Please report every line in the entries that contains the string "around".
------------------------
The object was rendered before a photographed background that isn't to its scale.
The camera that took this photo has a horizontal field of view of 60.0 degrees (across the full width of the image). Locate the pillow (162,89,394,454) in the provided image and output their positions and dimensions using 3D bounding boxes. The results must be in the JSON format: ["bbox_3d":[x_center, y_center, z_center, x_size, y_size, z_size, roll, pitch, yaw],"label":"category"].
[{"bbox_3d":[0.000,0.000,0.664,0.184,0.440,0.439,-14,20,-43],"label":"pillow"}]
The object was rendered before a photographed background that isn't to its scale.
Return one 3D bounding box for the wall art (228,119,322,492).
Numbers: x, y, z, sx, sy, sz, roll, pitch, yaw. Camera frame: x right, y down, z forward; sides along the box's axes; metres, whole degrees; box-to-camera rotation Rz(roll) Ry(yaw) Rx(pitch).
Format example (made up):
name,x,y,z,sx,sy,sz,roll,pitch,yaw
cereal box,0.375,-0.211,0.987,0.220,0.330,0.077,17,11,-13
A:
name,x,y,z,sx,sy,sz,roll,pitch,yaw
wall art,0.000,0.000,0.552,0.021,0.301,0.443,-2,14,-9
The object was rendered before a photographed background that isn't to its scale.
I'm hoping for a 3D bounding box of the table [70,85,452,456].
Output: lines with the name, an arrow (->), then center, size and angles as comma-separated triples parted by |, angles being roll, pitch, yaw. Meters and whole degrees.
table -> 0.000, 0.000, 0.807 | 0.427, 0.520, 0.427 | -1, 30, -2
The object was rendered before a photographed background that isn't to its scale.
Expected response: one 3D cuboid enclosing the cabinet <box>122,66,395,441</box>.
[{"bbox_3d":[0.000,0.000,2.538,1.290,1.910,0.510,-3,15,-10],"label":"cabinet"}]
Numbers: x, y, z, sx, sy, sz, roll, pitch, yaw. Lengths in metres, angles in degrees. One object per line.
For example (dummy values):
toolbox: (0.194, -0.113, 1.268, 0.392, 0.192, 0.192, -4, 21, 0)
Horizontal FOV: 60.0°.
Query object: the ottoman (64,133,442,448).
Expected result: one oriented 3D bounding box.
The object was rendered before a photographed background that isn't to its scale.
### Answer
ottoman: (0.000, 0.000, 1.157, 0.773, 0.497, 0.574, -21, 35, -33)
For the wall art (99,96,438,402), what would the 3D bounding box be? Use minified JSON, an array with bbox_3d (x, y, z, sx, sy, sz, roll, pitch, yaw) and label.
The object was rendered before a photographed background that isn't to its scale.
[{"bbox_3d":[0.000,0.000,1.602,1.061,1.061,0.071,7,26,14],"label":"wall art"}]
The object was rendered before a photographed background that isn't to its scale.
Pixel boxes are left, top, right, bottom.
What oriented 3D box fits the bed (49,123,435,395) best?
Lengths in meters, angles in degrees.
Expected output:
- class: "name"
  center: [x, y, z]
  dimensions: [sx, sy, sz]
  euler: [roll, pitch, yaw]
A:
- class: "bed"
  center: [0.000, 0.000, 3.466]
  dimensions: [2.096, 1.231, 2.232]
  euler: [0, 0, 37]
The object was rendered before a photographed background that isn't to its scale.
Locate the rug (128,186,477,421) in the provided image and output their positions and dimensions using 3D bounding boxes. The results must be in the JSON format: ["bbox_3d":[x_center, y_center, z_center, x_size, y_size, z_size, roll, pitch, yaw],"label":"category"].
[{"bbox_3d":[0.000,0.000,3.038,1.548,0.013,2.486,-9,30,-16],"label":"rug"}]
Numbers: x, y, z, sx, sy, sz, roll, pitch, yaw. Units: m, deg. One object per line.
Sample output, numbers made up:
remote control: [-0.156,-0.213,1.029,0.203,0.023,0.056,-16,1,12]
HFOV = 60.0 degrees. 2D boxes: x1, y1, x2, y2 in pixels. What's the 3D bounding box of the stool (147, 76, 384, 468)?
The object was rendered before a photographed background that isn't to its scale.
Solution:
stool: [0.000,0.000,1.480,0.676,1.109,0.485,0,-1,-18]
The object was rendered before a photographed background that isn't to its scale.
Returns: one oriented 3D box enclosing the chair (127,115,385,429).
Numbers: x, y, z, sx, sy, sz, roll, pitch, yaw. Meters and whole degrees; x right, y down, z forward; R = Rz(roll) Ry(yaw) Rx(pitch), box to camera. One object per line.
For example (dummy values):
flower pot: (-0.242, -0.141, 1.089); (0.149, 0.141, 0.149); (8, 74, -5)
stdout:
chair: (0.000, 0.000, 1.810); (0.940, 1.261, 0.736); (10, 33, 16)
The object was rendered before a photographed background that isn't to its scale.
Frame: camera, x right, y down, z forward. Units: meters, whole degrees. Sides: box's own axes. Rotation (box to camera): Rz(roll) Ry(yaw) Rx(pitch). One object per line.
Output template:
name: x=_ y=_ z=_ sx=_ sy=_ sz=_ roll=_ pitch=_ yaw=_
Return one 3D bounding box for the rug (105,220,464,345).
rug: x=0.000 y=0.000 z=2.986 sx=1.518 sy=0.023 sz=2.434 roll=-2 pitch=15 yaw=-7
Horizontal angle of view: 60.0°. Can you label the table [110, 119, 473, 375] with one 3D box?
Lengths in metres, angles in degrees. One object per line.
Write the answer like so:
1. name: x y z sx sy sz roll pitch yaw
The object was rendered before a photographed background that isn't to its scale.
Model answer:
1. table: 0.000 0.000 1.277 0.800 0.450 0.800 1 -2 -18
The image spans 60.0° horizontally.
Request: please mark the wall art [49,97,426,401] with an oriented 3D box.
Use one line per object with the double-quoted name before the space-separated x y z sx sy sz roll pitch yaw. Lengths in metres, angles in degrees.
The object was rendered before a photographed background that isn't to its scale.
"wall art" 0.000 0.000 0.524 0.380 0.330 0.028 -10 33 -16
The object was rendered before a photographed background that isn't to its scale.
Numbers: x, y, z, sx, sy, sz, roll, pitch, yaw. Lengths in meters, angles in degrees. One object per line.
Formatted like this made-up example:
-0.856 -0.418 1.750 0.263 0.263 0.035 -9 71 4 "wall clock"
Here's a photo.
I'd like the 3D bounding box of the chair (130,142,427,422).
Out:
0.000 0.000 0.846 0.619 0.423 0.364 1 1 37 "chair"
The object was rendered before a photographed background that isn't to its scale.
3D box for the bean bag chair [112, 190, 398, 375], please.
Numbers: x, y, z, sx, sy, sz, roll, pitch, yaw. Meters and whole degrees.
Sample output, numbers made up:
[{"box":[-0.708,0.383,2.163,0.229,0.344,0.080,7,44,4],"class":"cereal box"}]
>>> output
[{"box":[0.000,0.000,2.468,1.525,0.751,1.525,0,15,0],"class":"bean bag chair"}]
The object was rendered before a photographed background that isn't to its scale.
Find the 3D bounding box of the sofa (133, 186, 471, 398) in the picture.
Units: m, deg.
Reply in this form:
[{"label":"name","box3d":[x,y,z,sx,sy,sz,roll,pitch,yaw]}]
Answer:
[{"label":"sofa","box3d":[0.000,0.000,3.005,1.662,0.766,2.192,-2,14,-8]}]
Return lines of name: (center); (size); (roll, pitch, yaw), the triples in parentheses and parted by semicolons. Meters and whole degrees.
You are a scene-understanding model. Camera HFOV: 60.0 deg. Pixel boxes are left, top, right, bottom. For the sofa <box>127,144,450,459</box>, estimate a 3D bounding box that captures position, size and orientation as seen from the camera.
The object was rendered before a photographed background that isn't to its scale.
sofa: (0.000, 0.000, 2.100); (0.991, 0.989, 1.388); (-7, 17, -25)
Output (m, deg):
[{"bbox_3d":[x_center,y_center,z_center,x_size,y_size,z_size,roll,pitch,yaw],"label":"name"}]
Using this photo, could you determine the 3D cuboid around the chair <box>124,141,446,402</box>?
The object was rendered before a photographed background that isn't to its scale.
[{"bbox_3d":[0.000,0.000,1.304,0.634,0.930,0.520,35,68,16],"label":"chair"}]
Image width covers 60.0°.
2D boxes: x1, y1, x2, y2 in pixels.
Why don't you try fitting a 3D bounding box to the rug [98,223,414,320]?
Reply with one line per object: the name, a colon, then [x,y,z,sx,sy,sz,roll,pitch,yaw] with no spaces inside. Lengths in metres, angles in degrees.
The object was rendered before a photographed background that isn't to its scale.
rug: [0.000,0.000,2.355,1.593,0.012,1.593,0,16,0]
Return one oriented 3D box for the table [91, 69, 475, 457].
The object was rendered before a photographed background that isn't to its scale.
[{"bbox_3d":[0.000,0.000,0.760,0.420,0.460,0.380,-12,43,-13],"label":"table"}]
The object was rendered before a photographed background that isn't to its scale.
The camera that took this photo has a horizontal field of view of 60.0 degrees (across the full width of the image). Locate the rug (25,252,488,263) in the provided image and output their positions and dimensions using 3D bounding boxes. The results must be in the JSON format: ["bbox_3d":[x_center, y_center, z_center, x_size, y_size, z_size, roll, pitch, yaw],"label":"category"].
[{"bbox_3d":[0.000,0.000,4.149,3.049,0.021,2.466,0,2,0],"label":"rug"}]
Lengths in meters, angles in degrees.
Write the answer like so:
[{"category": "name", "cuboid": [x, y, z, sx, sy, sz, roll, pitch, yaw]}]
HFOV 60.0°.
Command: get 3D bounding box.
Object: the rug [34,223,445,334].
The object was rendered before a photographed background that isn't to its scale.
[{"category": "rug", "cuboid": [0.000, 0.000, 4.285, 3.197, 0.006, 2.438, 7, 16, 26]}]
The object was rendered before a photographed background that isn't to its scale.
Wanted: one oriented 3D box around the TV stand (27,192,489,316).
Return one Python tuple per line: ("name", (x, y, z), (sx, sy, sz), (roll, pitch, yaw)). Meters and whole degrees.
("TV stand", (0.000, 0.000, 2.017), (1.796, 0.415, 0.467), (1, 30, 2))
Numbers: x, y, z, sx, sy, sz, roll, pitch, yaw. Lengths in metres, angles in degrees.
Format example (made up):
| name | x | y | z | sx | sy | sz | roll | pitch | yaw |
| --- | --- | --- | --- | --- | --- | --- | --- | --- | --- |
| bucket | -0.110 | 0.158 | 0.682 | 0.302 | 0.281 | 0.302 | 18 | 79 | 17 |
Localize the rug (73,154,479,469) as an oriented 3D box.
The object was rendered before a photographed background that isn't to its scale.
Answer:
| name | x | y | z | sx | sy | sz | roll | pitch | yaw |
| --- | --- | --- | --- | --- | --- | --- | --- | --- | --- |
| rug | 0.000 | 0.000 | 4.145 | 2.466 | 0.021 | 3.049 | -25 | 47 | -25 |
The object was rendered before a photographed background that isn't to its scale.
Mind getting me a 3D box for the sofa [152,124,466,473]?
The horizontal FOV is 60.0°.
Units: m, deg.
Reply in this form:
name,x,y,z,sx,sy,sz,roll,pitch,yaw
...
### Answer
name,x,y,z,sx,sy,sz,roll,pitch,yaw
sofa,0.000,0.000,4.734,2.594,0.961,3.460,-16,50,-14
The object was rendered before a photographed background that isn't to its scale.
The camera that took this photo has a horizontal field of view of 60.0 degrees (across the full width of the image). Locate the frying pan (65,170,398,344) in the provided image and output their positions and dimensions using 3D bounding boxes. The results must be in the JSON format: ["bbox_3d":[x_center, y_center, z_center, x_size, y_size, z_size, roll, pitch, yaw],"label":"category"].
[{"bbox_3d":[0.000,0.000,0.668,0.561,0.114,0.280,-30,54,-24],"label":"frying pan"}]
------------------------
** Worked solution **
Using this photo, could you determine the 3D cuboid around the chair <box>124,141,446,402</box>?
Wanted: one oriented 3D box around the TV stand (27,192,489,316).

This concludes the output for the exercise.